Apparently, there are other means of arriving at truths through extra-sensory perceptions which are not known to us in science. Indeed one of the great modern scientists named Schrödinger who founded Wave mechanics, which was the precursor of modern Quantum Mechanics, studied the Vedas and commented that all thinking ended on the banks of the ganges and modern science is merely re-discovering what those sages already knew ! This may be an exaggeration but it is perhaps not without some grain of truth in it.
iii) The discovery of J. Krishnamurti (8)
In our own times, in the 20th Century, Mr. C.W. Leabeater “saw” an unusual aura (a combination of colours around the
brain) of a poor, young, emaciated 13 year old boy named Krishnamurti while he was playing on the sea beach in Madras. From this observation he predicted that this boy has an extremely rare aura with almost no trace of selfishness in it. He predicted that this boy will become a World Teacher. The boy was adopted by Mrs. Besant and brought up in the Theosophical Society. Though the boy was dull and could not pass any examinations, they never changed their mind. The the boy later left the Theosophical Society, but he did become a World Teacher. The Buddhists choose a new Dalai Lama in the same way, by locating a boy with a highly developed spiritual consciousness.
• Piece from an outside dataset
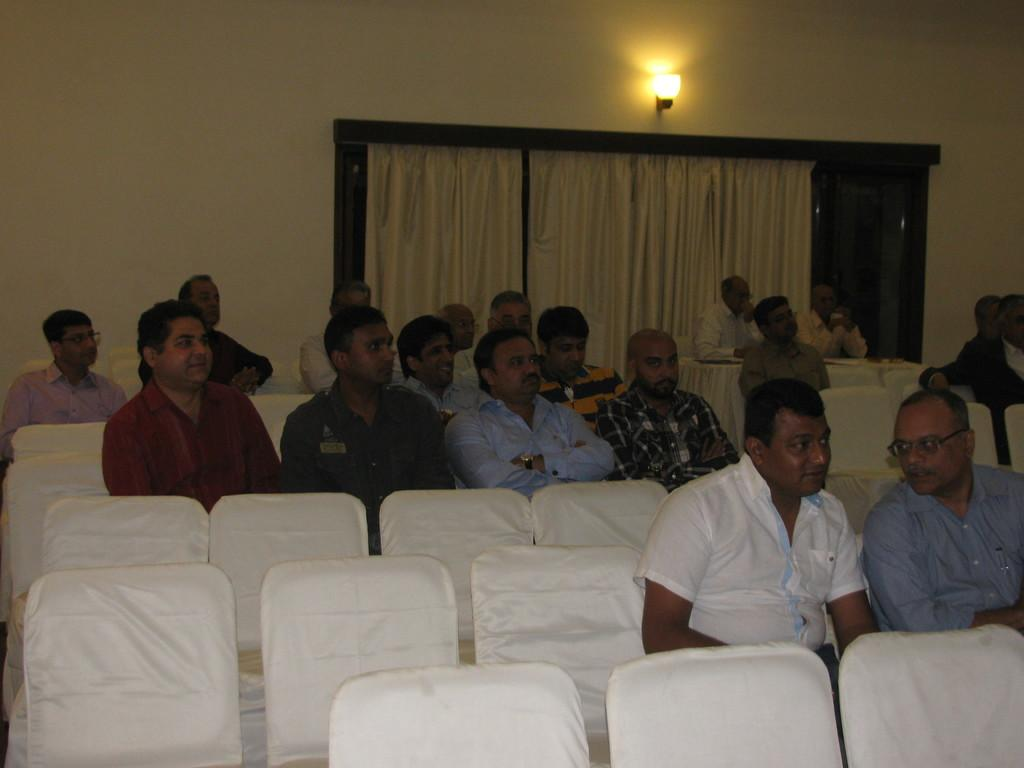Where was the image taken? The image was taken in a function hall. What can be seen in the image besides the people and chairs? There is a curtain and a lamp in the background of the image, and the wall is painted white. What type of net can be seen in the image? There is no net present in the image. Can you describe the grass in the image? There is no grass present in the image.

Is this based on myth or on perception?
iv) Ayurvedic Herbs & Acupuncture
How did the ancient sages in India discover the effect of various ayurvedic herbs and how did those in China discover Acupuncture? The efficacy of both these is now tested scientifically but the sages did not use scientific double-blind experiments or trial and error to make these discoveries. Were these based on myth or perception?
- Conclusion
Insights such as these do need to be tested by scientific methods since they can get mixed up with subjective elements in the consciousness, such as desires, ambitions or dreams. But pure insights are perceptions of facts beyond the known and do occur in science, in art, in spirituality and they can be as pure and objective as scientific observations.
References
1. S. Weinberg. The first three minutes, Bantam Books,1977. 2. Thomas Kuhn. The structure of scientific revolutions, University of Chicago Press, 1962.
3. Robert Kanigel. The man who knew infinity, Scribners, London 1991.
4. H.P. Blavatsky. The Secret doctrine… Theosophical Publishing House, Chennai 1988.
5. A Besant and C.W. Leadbeater Occult Chemistry Theosophical Publishing House, Chennai 1908.
6. H.J. Arnikar. Essentials of Occult Chemistry and modern science. Theosophical Publishing House, Chennai, 2000. 7. S.M. Phillips. Extra-sensory perception of quarks. Theosophical Publishing House, Wheaton, illinois 1980.
8. Mary Lutyens. Krishnamurti : the years of awakening, Avon, New York 1975.